# How many human strides is one horse stride? Gridwork.



## AABBCC (23 August 2016)

Hi all, 
I'm planning on doing some gridwork tonight and have been searching the internet for, as the title says, how many human strides makes one horse stride. I've basically found two different ideas of 1 human stride for landing and take off and 3 for a stride OR 2 for landing and take of and 4 for a stride? 
My horse is 15.1/.2 and likes to make a good effort even over the smaller jumps (which is what we'll be doing) so I was wondering if anyone could clear it up for me, thanks.


----------



## JennBags (23 August 2016)

2 normal strides each for landing/take off then 4 for a stride is what we always work on.


----------



## JustMe22 (23 August 2016)

Same as JennBags. So for a one stride in between two jumps, it would be 6 human steps. 2 for landing, 4 for a stride, 2 for takeoff. 

If the jumps are really tiny, it sometimes means you have to ride slightly more forward than you would if they were bigger, just because the horse doesn't usually take off/land as far away from the jumps if they're small.


----------



## Goldenstar (23 August 2016)

Same as jennbags for walking courses but for training over low grids I make it a bit shorter .


----------



## ihatework (23 August 2016)

As others have said, a one stride distance is 8 human strides 
BUT you have to know how to stride it! Depending on if you have long or short steps!!!


----------



## PaddyMonty (23 August 2016)

1/3/1 is pony stride. 2/4/2 is horse stride. BS distances are 24-26 feet for one stride, unaff usually a little smaller.
The stride length you use depends on what you want to achieve. If training to jump BS then use the BS distance as a staring point. If horse has long stride then gradually reduce a bit to sit them back. If a short stride then do the opposite starting with perhaps 23 foot. It's all about what you want to achieve from the grid training. 
If you jump unaff that has mixed horse/pony classes then getting horse to jump tighter distances would be good as the double striding at these comps is often a compromise.
Now add in that course builders is often use stride length to limit clear rounds by having oxer to upright short distance or upright to oxer long distance and it becomes clear you and horse should be able to deal with variable distances. 
Schooling over the perfect stride is of little use unless it's to build a youngsters confidence


----------



## LouisCat (23 August 2016)

I do 2 - 4 - 2 for my Connie. For me they are quite big strides for my OH it would be normal walking but you learn to be able to stride to match your horse I find!


----------



## criso (23 August 2016)

This may help.   http://www.pcuk.org/uploads/training/Distances_for_Jumping_Exercises.pdf

The first thing you need to work out is how you step - I take a  longish step but not exaggeratedly long but then I have long legs myself.  I've found that (for me) 8 is affiliated but local shows are often nearer 7 esp if they are expecting ponies as well.


----------



## Tnavas (28 August 2016)

How long is a piece of string?

Your strides will depend on how tall you are, the length of your legs and how mobile/supple you are.
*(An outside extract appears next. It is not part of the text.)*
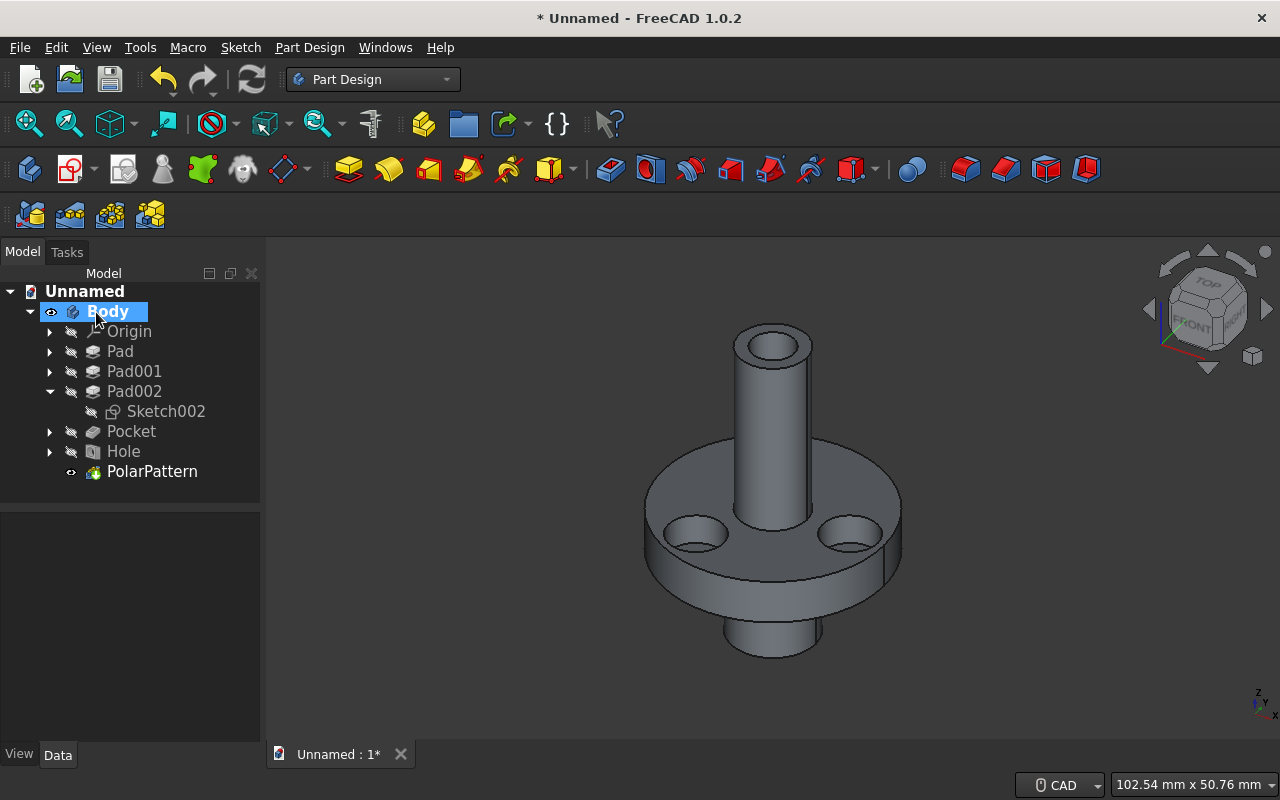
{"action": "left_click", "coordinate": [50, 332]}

First get the information as to distances in feet or metres. Bearing in mind that these change with the distance between two different obstacles - eg the distance between a vertical to an oxer will be different to the distance between an oxer and a vertical.

To work it all out, put on your normal riding boots. Mark a start point where the back of your heel is, and then walk naturally - I suggest for 10 steps, stop and mark where the toe of your boot is, then measure the distance and divide by 10 - this will then tell you how far your step covers.
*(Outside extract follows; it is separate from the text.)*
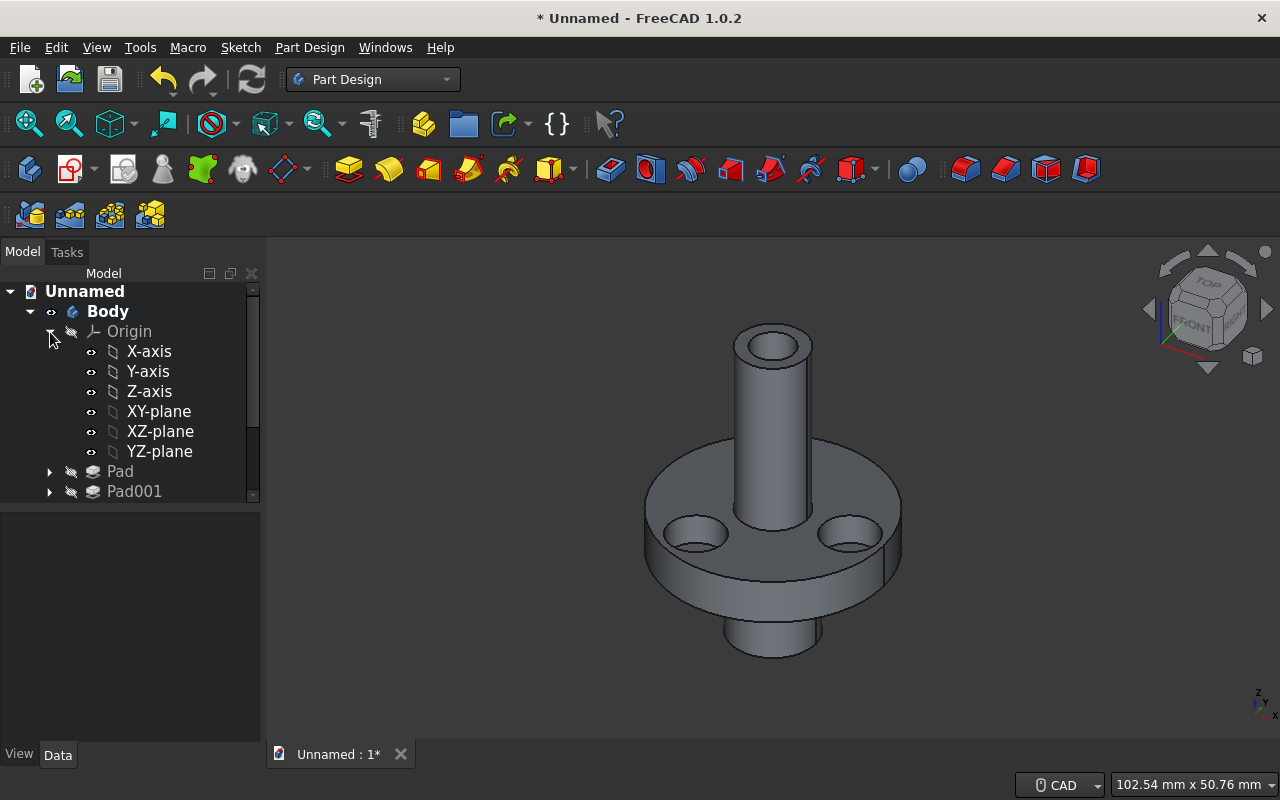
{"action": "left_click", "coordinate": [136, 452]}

Now you need to work out how many of your steps covers a stride of your horses, this way when you go to shows you will be able to work out accurately how many strides you will fit in between fences.


----------



## PapaFrita (31 August 2016)

JustMe22 said:



			Same as JennBags. So for a one stride in between two jumps, it would be 6 human steps. 2 for landing, 4 for a stride, 2 for takeoff.
		
Click to expand...

LOL! You're nearly as bad at maths as I am; That would be 8 steps


----------



## PapaFrita (31 August 2016)

Goldenstar said:



			Same as jennbags for walking courses but for training over low grids I make it a bit shorter .
		
Click to expand...

Me too! I don't want to have to kick on through a small grid


----------